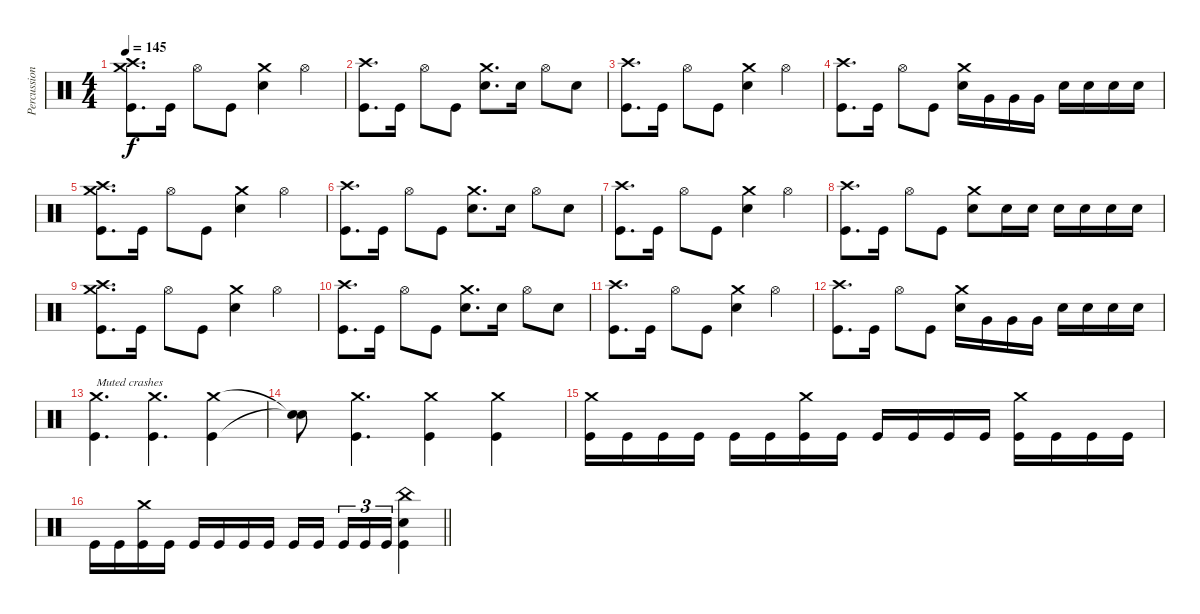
\track ("Percussion" "Percussion") {instrument percussion}
\staff {score}
\articulation defaults
\ts (4 4)
\tempo 145
\clef neutral
\ks c
("Crash high (hit)" "Crash medium (hit)" "Kick (hit)").8{d dy f} "Kick (hit)".16 "Hi-Hat (open)".8 "Kick (hit)".8 ("Crash medium (hit)" "Electric Snare (hit)").4 "Hi-Hat (open)".4 |
("Crash high (hit)" "Kick (hit)").8{d} "Kick (hit)".16 "Hi-Hat (open)".8 "Kick (hit)".8 ("Crash medium (hit)" "Electric Snare (hit)").8{d} "Electric Snare (hit)".16 "Hi-Hat (open)".8 "Electric Snare (hit)".8 |
("Crash high (hit)" "Kick (hit)").8{d} "Kick (hit)".16 "Hi-Hat (open)".8 "Kick (hit)".8 ("Crash medium (hit)" "Electric Snare (hit)").4 "Hi-Hat (open)".4 |
("Crash high (hit)" "Kick (hit)").8{d} "Kick (hit)".16 "Hi-Hat (open)".8 "Kick (hit)".8 ("Crash medium (hit)" "Electric Snare (hit)").16 "Very Low Tom (hit)".16 "Very Low Tom (hit)".16 "Very Low Tom (hit)".16 "Electric Snare (hit)".16 "Electric Snare (hit)".16 "Electric Snare (hit)".16 "Electric Snare (hit)".16 |
("Crash high (hit)" "Crash medium (hit)" "Kick (hit)").8{d} "Kick (hit)".16 "Hi-Hat (open)".8 "Kick (hit)".8 ("Crash medium (hit)" "Electric Snare (hit)").4 "Hi-Hat (open)".4 |
("Crash high (hit)" "Kick (hit)").8{d} "Kick (hit)".16 "Hi-Hat (open)".8 "Kick (hit)".8 ("Crash medium (hit)" "Electric Snare (hit)").8{d} "Electric Snare (hit)".16 "Hi-Hat (open)".8 "Electric Snare (hit)".8 |
("Crash high (hit)" "Kick (hit)").8{d} "Kick (hit)".16 "Hi-Hat (open)".8 "Kick (hit)".8 ("Crash medium (hit)" "Electric Snare (hit)").4 "Hi-Hat (open)".4 |
("Crash high (hit)" "Kick (hit)").8{d} "Kick (hit)".16 "Hi-Hat (open)".8 "Kick (hit)".8 ("Crash medium (hit)" "Electric Snare (hit)").8 "Electric Snare (hit)".16 "Electric Snare (hit)".16 "Electric Snare (hit)".16 "Electric Snare (hit)".16 "Electric Snare (hit)".16 "Electric Snare (hit)".16 |
("Crash high (hit)" "Crash medium (hit)" "Kick (hit)").8{d} "Kick (hit)".16 "Hi-Hat (open)".8 "Kick (hit)".8 ("Crash medium (hit)" "Electric Snare (hit)").4 "Hi-Hat (open)".4 |
("Crash high (hit)" "Kick (hit)").8{d} "Kick (hit)".16 "Hi-Hat (open)".8 "Kick (hit)".8 ("Crash medium (hit)" "Electric Snare (hit)").8{d} "Electric Snare (hit)".16 "Hi-Hat (open)".8 "Electric Snare (hit)".8 |
("Crash high (hit)" "Kick (hit)").8{d} "Kick (hit)".16 "Hi-Hat (open)".8 "Kick (hit)".8 ("Crash medium (hit)" "Electric Snare (hit)").4 "Hi-Hat (open)".4 |
("Crash high (hit)" "Kick (hit)").8{d} "Kick (hit)".16 "Hi-Hat (open)".8 "Kick (hit)".8 ("Crash medium (hit)" "Electric Snare (hit)").16 "Very Low Tom (hit)".16 "Very Low Tom (hit)".16 "Very Low Tom (hit)".16 "Electric Snare (hit)".16 "Electric Snare (hit)".16 "Electric Snare (hit)".16 "Electric Snare (hit)".16 |
("Crash medium (hit)" "Kick (hit)").4{d txt "Muted crashes"} ("Crash medium (hit)" "Kick (hit)").4{d} ("Crash medium (hit)" "Kick (hit)").4 |
("Snare (hit)"{t} "Snare (hit)"{t}).8 ("Crash medium (hit)" "Kick (hit)").4{d} ("Crash medium (hit)" "Kick (hit)").4 ("Crash medium (hit)" "Kick (hit)").4 |
("Crash medium (hit)" "Kick (hit)").16 "Kick (hit)".16 "Kick (hit)".16 "Kick (hit)".16 "Kick (hit)".16 "Kick (hit)".16 ("Crash medium (hit)" "Kick (hit)").16 "Kick (hit)".16 "Kick (hit)".16 "Kick (hit)".16 "Kick (hit)".16 "Kick (hit)".16 ("Crash medium (hit)" "Kick (hit)").16 "Kick (hit)".16 "Kick (hit)".16 "Kick (hit)".16 |
\barLineRight lightlight "Kick (hit)".16 "Kick (hit)".16
("Crash medium (hit)" "Kick (hit)").16 "Kick (hit)".16 "Kick (hit)".16 "Kick (hit)".16 "Kick (hit)".16 "Kick (hit)".16 "Kick (hit)".16 "Kick (hit)".16{beam splitsecondary} "Kick (hit)".16{tu (3 2)} "Kick (hit)".16{tu (3 2)} "Kick (hit)".16{tu (3 2)} ("China (hit)" "Electric Snare (hit)" "Kick (hit)").4
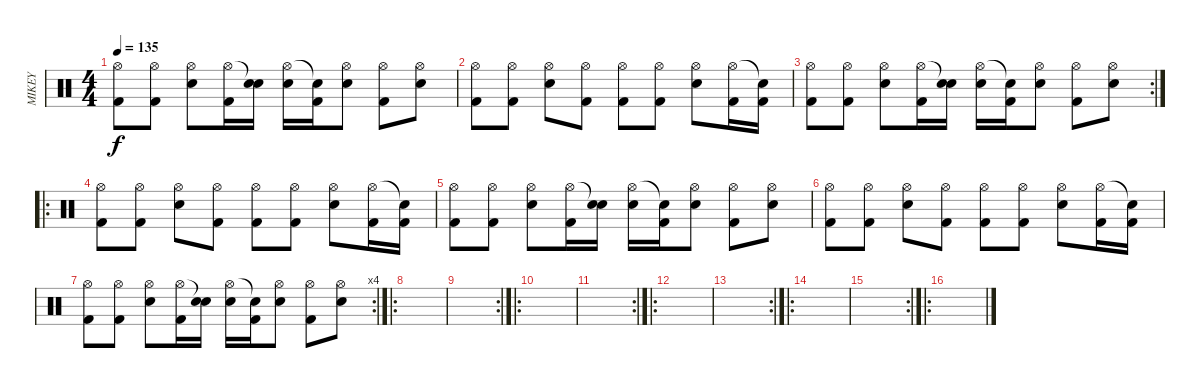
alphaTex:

\track ("MIKEY" "MIKEY") {instrument percussion}
\staff {score}
\articulation defaults
\ts (4 4)
\tempo 135
\clef neutral
\ks c
("Hi-Hat (open)" "Kick (hit) 2").8{dy f} ("Hi-Hat (open)" "Kick (hit) 2").8 ("Hi-Hat (open)" "Electric Snare (hit)").8 ("Hi-Hat (open)" "Kick (hit) 2").16 ("Snare (hit)"{t} "Electric Snare (hit)").16 ("Hi-Hat (open)" "Electric Snare (hit)").16 ("Snare (hit)"{t} "Kick (hit) 2").16 ("Hi-Hat (open)" "Electric Snare (hit)").8 ("Hi-Hat (open)" "Kick (hit) 2").8 ("Hi-Hat (open)" "Electric Snare (hit)").8 |
("Hi-Hat (open)" "Kick (hit) 2").8 ("Hi-Hat (open)" "Kick (hit) 2").8 ("Hi-Hat (open)" "Electric Snare (hit)").8 ("Hi-Hat (open)" "Kick (hit) 2").8 ("Hi-Hat (open)" "Kick (hit) 2").8 ("Hi-Hat (open)" "Kick (hit) 2").8 ("Hi-Hat (open)" "Electric Snare (hit)").8 ("Hi-Hat (open)" "Kick (hit) 2").16 ("Snare (hit)"{t} "Kick (hit) 2").16 |
\rc 2
("Hi-Hat (open)" "Kick (hit) 2").8 ("Hi-Hat (open)" "Kick (hit) 2").8 ("Hi-Hat (open)" "Electric Snare (hit)").8 ("Hi-Hat (open)" "Kick (hit) 2").16 ("Snare (hit)"{t} "Electric Snare (hit)").16 ("Hi-Hat (open)" "Electric Snare (hit)").16 ("Snare (hit)"{t} "Kick (hit) 2").16 ("Hi-Hat (open)" "Electric Snare (hit)").8 ("Hi-Hat (open)" "Kick (hit) 2").8 ("Hi-Hat (open)" "Electric Snare (hit)").8 |
\ro
("Hi-Hat (open)" "Kick (hit) 2").8 ("Hi-Hat (open)" "Kick (hit) 2").8 ("Hi-Hat (open)" "Electric Snare (hit)").8 ("Hi-Hat (open)" "Kick (hit) 2").8 ("Hi-Hat (open)" "Kick (hit) 2").8 ("Hi-Hat (open)" "Kick (hit) 2").8 ("Hi-Hat (open)" "Electric Snare (hit)").8 ("Hi-Hat (open)" "Kick (hit) 2").16 ("Snare (hit)"{t} "Kick (hit) 2").16 |
("Hi-Hat (open)" "Kick (hit) 2").8 ("Hi-Hat (open)" "Kick (hit) 2").8 ("Hi-Hat (open)" "Electric Snare (hit)").8 ("Hi-Hat (open)" "Kick (hit) 2").16 ("Snare (hit)"{t} "Electric Snare (hit)").16 ("Hi-Hat (open)" "Electric Snare (hit)").16 ("Snare (hit)"{t} "Kick (hit) 2").16 ("Hi-Hat (open)" "Electric Snare (hit)").8 ("Hi-Hat (open)" "Kick (hit) 2").8 ("Hi-Hat (open)" "Electric Snare (hit)").8 |
("Hi-Hat (open)" "Kick (hit) 2").8 ("Hi-Hat (open)" "Kick (hit) 2").8 ("Hi-Hat (open)" "Electric Snare (hit)").8 ("Hi-Hat (open)" "Kick (hit) 2").8 ("Hi-Hat (open)" "Kick (hit) 2").8 ("Hi-Hat (open)" "Kick (hit) 2").8 ("Hi-Hat (open)" "Electric Snare (hit)").8 ("Hi-Hat (open)" "Kick (hit) 2").16 ("Snare (hit)"{t} "Kick (hit) 2").16 |
\rc 4
("Hi-Hat (open)" "Kick (hit) 2").8 ("Hi-Hat (open)" "Kick (hit) 2").8 ("Hi-Hat (open)" "Electric Snare (hit)").8 ("Hi-Hat (open)" "Kick (hit) 2").16 ("Snare (hit)"{t} "Electric Snare (hit)").16 ("Hi-Hat (open)" "Electric Snare (hit)").16 ("Snare (hit)"{t} "Kick (hit) 2").16 ("Hi-Hat (open)" "Electric Snare (hit)").8 ("Hi-Hat (open)" "Kick (hit) 2").8 ("Hi-Hat (open)" "Electric Snare (hit)").8 |
\ro
|
\rc 2
|
\ro
|
\rc 2
|
\ro
|
\rc 2
|
\ro
|
\rc 2
|
\ro
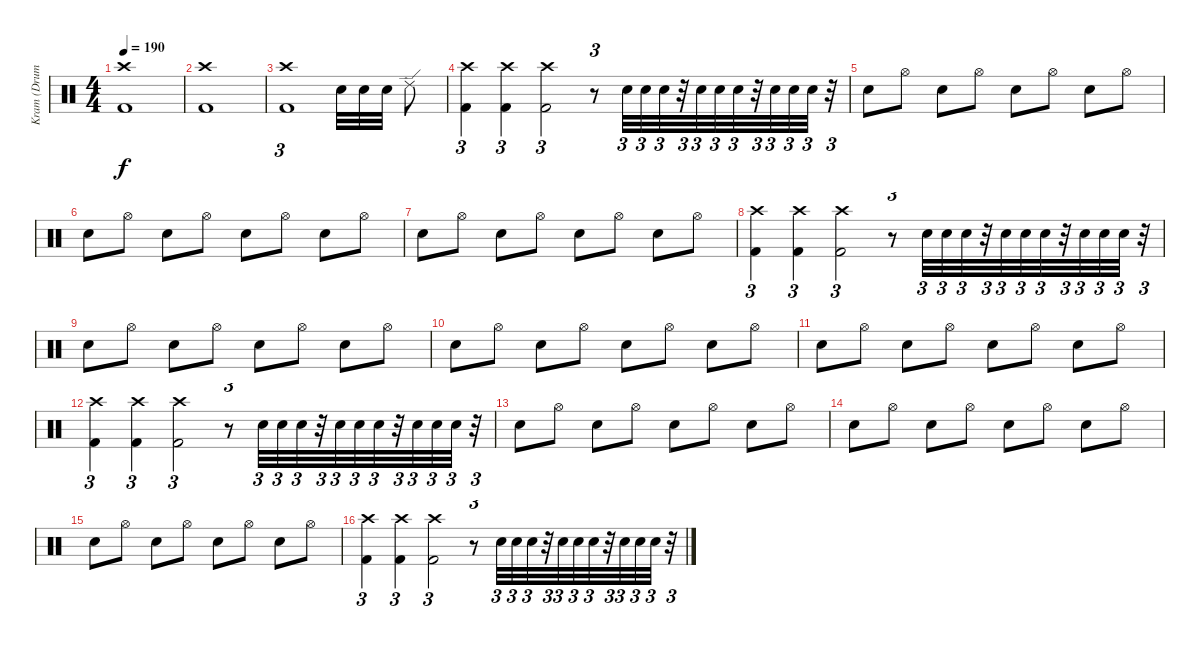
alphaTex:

\track ("Kram (Drums)" "Kram (Drum") {instrument percussion}
\staff {score}
\articulation defaults
\ts (4 4)
\tempo 190
\clef neutral
\ks c
("Kick (hit) 2" "Crash high (hit)").1{dy f} |
("Kick (hit) 2" "Crash high (hit)").1 |
("Kick (hit) 2" "Crash high (hit)").1{tu (3 2)} "Snare (hit) 2".32 "Snare (hit) 2".32 "Snare (hit) 2".32 "Ride (edge) 2".8 |
("Kick (hit) 2" "Crash high (hit)").4{tu (3 2)} ("Kick (hit) 2" "Crash high (hit)").4{tu (3 2)} ("Kick (hit) 2" "Crash high (hit)").2{tu (3 2)} r.8{tu (3 2)} "Snare (hit) 2".32{tu (3 2)} "Snare (hit) 2".32{tu (3 2)} "Snare (hit) 2".32{tu (3 2)} r.32{tu (3 2)} "Snare (hit) 2".32{tu (3 2)} "Snare (hit) 2".32{tu (3 2)} "Snare (hit) 2".32{tu (3 2)} r.32{tu (3 2)} "Snare (hit) 2".32{tu (3 2)} "Snare (hit) 2".32{tu (3 2)} "Snare (hit) 2".32{tu (3 2)} r.32{tu (3 2)} |
"Snare (hit) 2".8 "Hi-Hat (open)".8 "Snare (hit) 2".8 "Hi-Hat (open)".8 "Snare (hit) 2".8 "Hi-Hat (open)".8 "Snare (hit) 2".8 "Hi-Hat (open)".8 |
"Snare (hit) 2".8 "Hi-Hat (open)".8 "Snare (hit) 2".8 "Hi-Hat (open)".8 "Snare (hit) 2".8 "Hi-Hat (open)".8 "Snare (hit) 2".8 "Hi-Hat (open)".8 |
"Snare (hit) 2".8 "Hi-Hat (open)".8 "Snare (hit) 2".8 "Hi-Hat (open)".8 "Snare (hit) 2".8 "Hi-Hat (open)".8 "Snare (hit) 2".8 "Hi-Hat (open)".8 |
("Kick (hit) 2" "Crash high (hit)").4{tu (3 2)} ("Kick (hit) 2" "Crash high (hit)").4{tu (3 2)} ("Kick (hit) 2" "Crash high (hit)").2{tu (3 2)} r.8{tu (3 2)} "Snare (hit) 2".32{tu (3 2)} "Snare (hit) 2".32{tu (3 2)} "Snare (hit) 2".32{tu (3 2)} r.32{tu (3 2)} "Snare (hit) 2".32{tu (3 2)} "Snare (hit) 2".32{tu (3 2)} "Snare (hit) 2".32{tu (3 2)} r.32{tu (3 2)} "Snare (hit) 2".32{tu (3 2)} "Snare (hit) 2".32{tu (3 2)} "Snare (hit) 2".32{tu (3 2)} r.32{tu (3 2)} |
"Snare (hit) 2".8 "Hi-Hat (open)".8 "Snare (hit) 2".8 "Hi-Hat (open)".8 "Snare (hit) 2".8 "Hi-Hat (open)".8 "Snare (hit) 2".8 "Hi-Hat (open)".8 |
"Snare (hit) 2".8 "Hi-Hat (open)".8 "Snare (hit) 2".8 "Hi-Hat (open)".8 "Snare (hit) 2".8 "Hi-Hat (open)".8 "Snare (hit) 2".8 "Hi-Hat (open)".8 |
"Snare (hit) 2".8 "Hi-Hat (open)".8 "Snare (hit) 2".8 "Hi-Hat (open)".8 "Snare (hit) 2".8 "Hi-Hat (open)".8 "Snare (hit) 2".8 "Hi-Hat (open)".8 |
("Kick (hit) 2" "Crash high (hit)").4{tu (3 2)} ("Kick (hit) 2" "Crash high (hit)").4{tu (3 2)} ("Kick (hit) 2" "Crash high (hit)").2{tu (3 2)} r.8{tu (3 2)} "Snare (hit) 2".32{tu (3 2)} "Snare (hit) 2".32{tu (3 2)} "Snare (hit) 2".32{tu (3 2)} r.32{tu (3 2)} "Snare (hit) 2".32{tu (3 2)} "Snare (hit) 2".32{tu (3 2)} "Snare (hit) 2".32{tu (3 2)} r.32{tu (3 2)} "Snare (hit) 2".32{tu (3 2)} "Snare (hit) 2".32{tu (3 2)} "Snare (hit) 2".32{tu (3 2)} r.32{tu (3 2)} |
"Snare (hit) 2".8 "Hi-Hat (open)".8 "Snare (hit) 2".8 "Hi-Hat (open)".8 "Snare (hit) 2".8 "Hi-Hat (open)".8 "Snare (hit) 2".8 "Hi-Hat (open)".8 |
"Snare (hit) 2".8 "Hi-Hat (open)".8 "Snare (hit) 2".8 "Hi-Hat (open)".8 "Snare (hit) 2".8 "Hi-Hat (open)".8 "Snare (hit) 2".8 "Hi-Hat (open)".8 |
"Snare (hit) 2".8 "Hi-Hat (open)".8 "Snare (hit) 2".8 "Hi-Hat (open)".8 "Snare (hit) 2".8 "Hi-Hat (open)".8 "Snare (hit) 2".8 "Hi-Hat (open)".8 |
("Kick (hit) 2" "Crash high (hit)").4{tu (3 2)} ("Kick (hit) 2" "Crash high (hit)").4{tu (3 2)} ("Kick (hit) 2" "Crash high (hit)").2{tu (3 2)} r.8{tu (3 2)} "Snare (hit) 2".32{tu (3 2)} "Snare (hit) 2".32{tu (3 2)} "Snare (hit) 2".32{tu (3 2)} r.32{tu (3 2)} "Snare (hit) 2".32{tu (3 2)} "Snare (hit) 2".32{tu (3 2)} "Snare (hit) 2".32{tu (3 2)} r.32{tu (3 2)} "Snare (hit) 2".32{tu (3 2)} "Snare (hit) 2".32{tu (3 2)} "Snare (hit) 2".32{tu (3 2)} r.32{tu (3 2)}
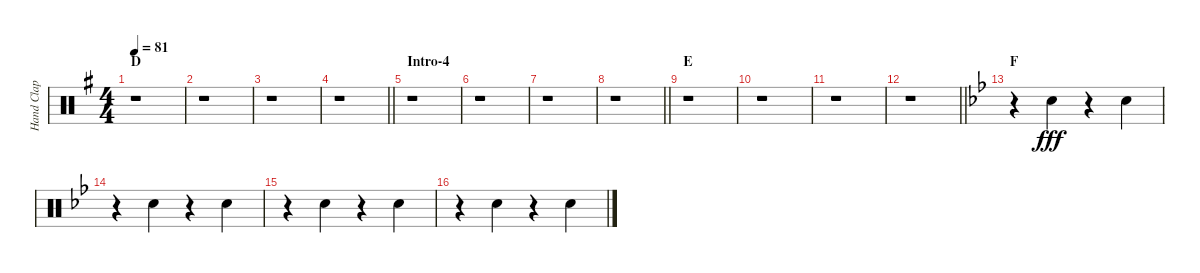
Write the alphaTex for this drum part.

\track ("Hand Clap" "Hand Clap") {instrument percussion}
\staff {score}
\articulation defaults
\ts (4 4)
\section ("" "D")
\tempo 81
\clef neutral
\ks g
r.1{dy fff} |
r.1 |
r.1 |
\barLineRight lightlight
r.1 |
\section ("" "Intro-4")
r.1 |
r.1 |
r.1 |
\barLineRight lightlight
r.1 |
\section ("" "E")
r.1 |
r.1 |
r.1 |
\barLineRight lightlight
r.1 |
\section ("" "F")
\ks bb
r.4 "Hand Clap (hit)".4 r.4 "Hand Clap (hit)".4 |
r.4 "Hand Clap (hit)".4 r.4 "Hand Clap (hit)".4 |
r.4 "Hand Clap (hit)".4 r.4 "Hand Clap (hit)".4 |
r.4 "Hand Clap (hit)".4 r.4 "Hand Clap (hit)".4

★ ★ ★ ★ ★

▸ Aim of the exercise: Scan each line of the entries above for the word "section" and report how many lines contain it, with nothing else.

▸ Response to the task: 4